Cannot find corner object in motor

Okay, let's quickly get to what sin

and asin

. Take a look at this right triangle in the diagram below:

^{Source: Wikipedia}

Looking at the point of A

this right-angled triangle, we see that there is an angle between the line segment AC

and AB

. The connection between this angle sin

lies in the fact that sin

- the ratio of the length of the opposite side to the hypotenuse. In other words:

sin A = opposite / hypotenuse = a / h

      

        
        
        
      

    

This means that if you take a / h

, it will be equal to the sin

angle located at the point A

. Thus, to find the actual angle, we will need to apply the inverse sine operator on both sides of this equation. Thus:

A = asin(a / h)

      

        
        
        
      

    

For example, if a = 1

and h = 2

in our triangle, the sine of the angle that this right triangle encloses between AC

and AB

is equal to:

sin A = 1 / 2

      

        
        
        
      

    

To find the actual angle that is here, we do:

A = asin(1 / 2)

      

        
        
        
      

    

Putting that into your calculator, we get 30 degrees. Radians are another way to represent an angle where the following relationship holds:

angle_in_radians = (angle_in_degrees) * (Math.PI / 180.0)

      

        
        
        
      

    

Actually I am a little confused about your code because you do asin

and then sin

after. The property between asin

and sin

is:

arcsin

matches asin

. The above equation states that as long as x >= -Math.PI / 2, x <= Math.PI / 2

or x >= -90, x <= 90

degrees, this relationship holds. In your code, the argument inside sin

will definitely be in the range -1 to 1, and this actually makes it easier:

(fPosXBeforeMoved - sPosX) / Math.sqrt(Math.pow(fPosXBeforeMoved - sPosX, 2) + 
Math.pow(fPosZBeforeMoved - sPosZ, 2));

      

        
        
        
      

    

If you want to find the angle between the moved points, you do not use the right sides of the triangle. I'll talk about this later.

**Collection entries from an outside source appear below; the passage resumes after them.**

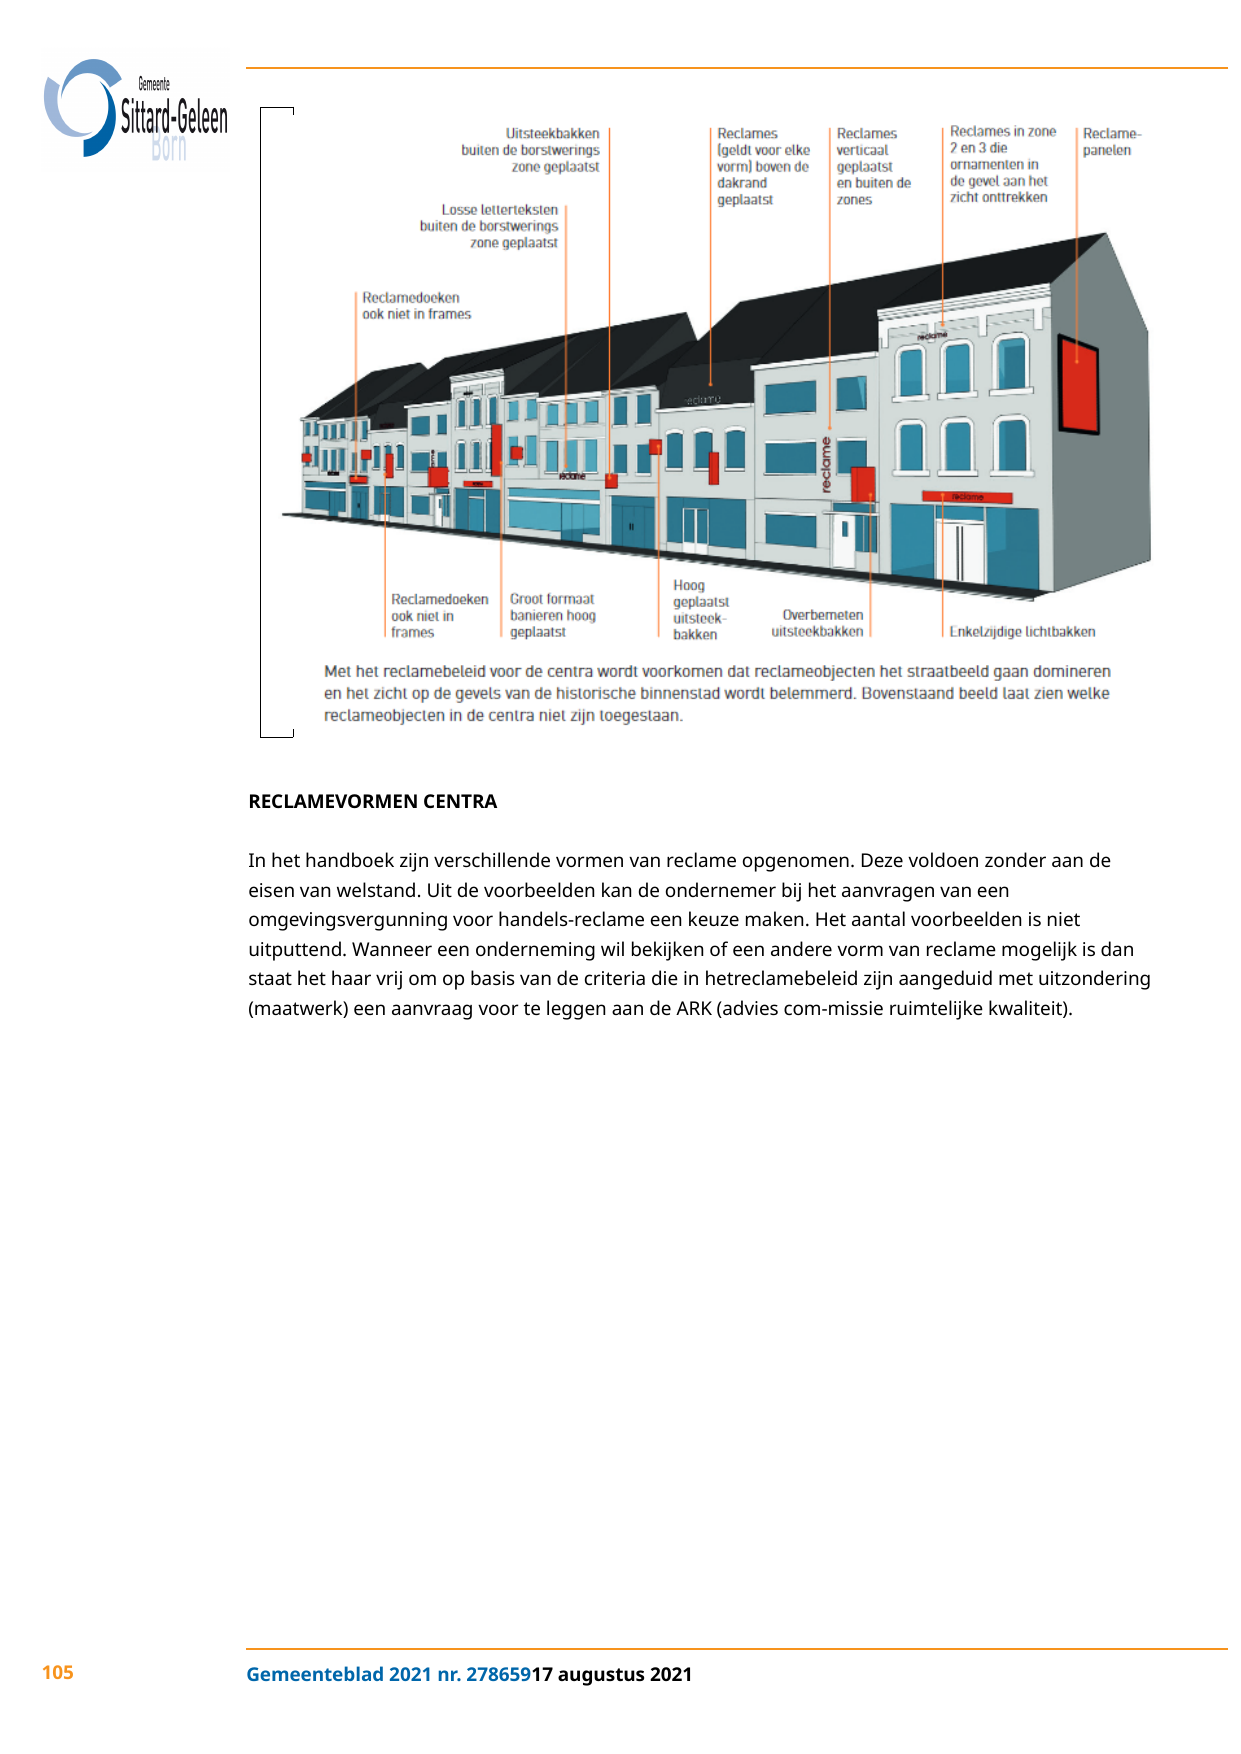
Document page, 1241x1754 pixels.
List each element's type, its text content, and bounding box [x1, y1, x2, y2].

text RECLAMEVORMEN CENTRA [248, 788, 1152, 814]
text In het handboek zijn verschillende vormen van reclame opgenomen. Deze voldoen zonder aan de eisen van welstand. Uit de voorbeelden kan de ondernemer bij het aanvragen van een omgevingsvergunning voor handels-reclame een keuze maken. Het aantal voorbeelden is niet uitputtend. Wanneer een onderneming wil bekijken of een andere vorm van reclame mogelijk is dan staat het haar vrij om op basis van de criteria die in hetreclamebeleid zijn aangeduid met uitzondering (maatwerk) een aanvraag voor te leggen aan de ARK (advies com-missie ruimtelijke kwaliteit). [248, 847, 1152, 1021]
picture [268, 115, 1173, 729]
picture [41, 47, 231, 172]

Ok, so how does this relate to your question? Take a look at the equation you have in your code. We have four points to pay attention to:

• fPosXBeforeMoved
  
  - Position of X
  
  your point before moving
• sPosX
  
  - Position of X
  
  your point after moving
• fPosZBeforeMoved
  
  - the position of Z
  
  your point before moving
• sPosZ
  
  - the position of Z
  
  your point after moving.

We can actually represent it in a right-angled triangle like this (sorry bad diagram):

We can think of a point before you moved (fPosXBeforeMoved,fPosZBeforeMoved)

on a plane XZ

, and a point (sPosX,sPosZ)

when you moved it after. This diagram X

will have the horizontal component and the Z

vertical component. Imagine holding an image in front of you. X

there will be an axis going from left to right, there Z

will be an axis up and down, and there Y

will be an axis going out towards you and going inside the image.

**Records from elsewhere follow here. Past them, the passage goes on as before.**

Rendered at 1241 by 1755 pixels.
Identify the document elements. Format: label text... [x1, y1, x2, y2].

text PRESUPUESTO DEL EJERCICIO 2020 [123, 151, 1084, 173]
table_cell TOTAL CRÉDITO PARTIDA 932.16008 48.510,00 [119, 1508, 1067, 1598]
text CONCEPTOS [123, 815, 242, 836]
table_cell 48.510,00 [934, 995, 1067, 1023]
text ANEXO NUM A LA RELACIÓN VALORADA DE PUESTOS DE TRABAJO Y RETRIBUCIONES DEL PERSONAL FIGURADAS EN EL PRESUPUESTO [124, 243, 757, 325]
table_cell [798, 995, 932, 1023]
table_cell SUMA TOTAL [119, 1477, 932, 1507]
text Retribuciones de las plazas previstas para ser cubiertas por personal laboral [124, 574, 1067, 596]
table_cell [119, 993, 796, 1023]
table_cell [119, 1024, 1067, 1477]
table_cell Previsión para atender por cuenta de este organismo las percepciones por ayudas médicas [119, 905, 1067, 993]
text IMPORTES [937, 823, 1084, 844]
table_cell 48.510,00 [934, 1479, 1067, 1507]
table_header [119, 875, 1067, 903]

We can find the length of the adjacent segment ( AC

) using the difference between the coordinates X

and the length of the opposite segment ( AB

), taking the difference between the Z

coordinates. All we need is to find the length of the hypotenuse ( h

). If you remember from school, this is simply done using the Pythagorean theorem:

h^2 = a^2 + b^2
h = sqrt(a^2 + b^2)

      

        
        
        
      

    

So if you link to a diagram, our hypotenuse is thus (in JavaScript):

Math.sqrt(Math.pow(fPosXBeforeMoved - sPosX, 2) + Math.pow(fPosZBeforeMoved - sPosZ, 2));

      

        
        
        
      

    

You will learn this as part of your code. We've covered sin

, but we'll look at cos

. cos

- the ratio of the length of the adjacent side to the hypotenuse. In other words:

cos A = adjacent / hypotenuse = b / h

      

        
        
        
      

    

This explains this part:

(sPosX - fPosXBeforeMoved) / Math.sqrt(Math.pow(sPosX - fPosXBeforeMoved, 2) + 
Math.pow(sPosZ - fPosZBeforeMoved, 2));

      

        
        
        
      

    

Note that I am replacing subtraction sPosX

and fPosXBeforeMoved

versus what you had in your code. The reason is that when you study a point before and after point, point after always comes first , then point before second. At the bottom, when you compute the hypotenuse, it doesn't matter, because no matter what order the values ​​are subtracted from, we take the square of the subtraction, so you get the same number anyway, no matter the order. I decided to reverse the order of the hypotenuse here to be consistent. The value matters at the top, as a value that is positive or negative when subtracted will matter when you find the angle at the end.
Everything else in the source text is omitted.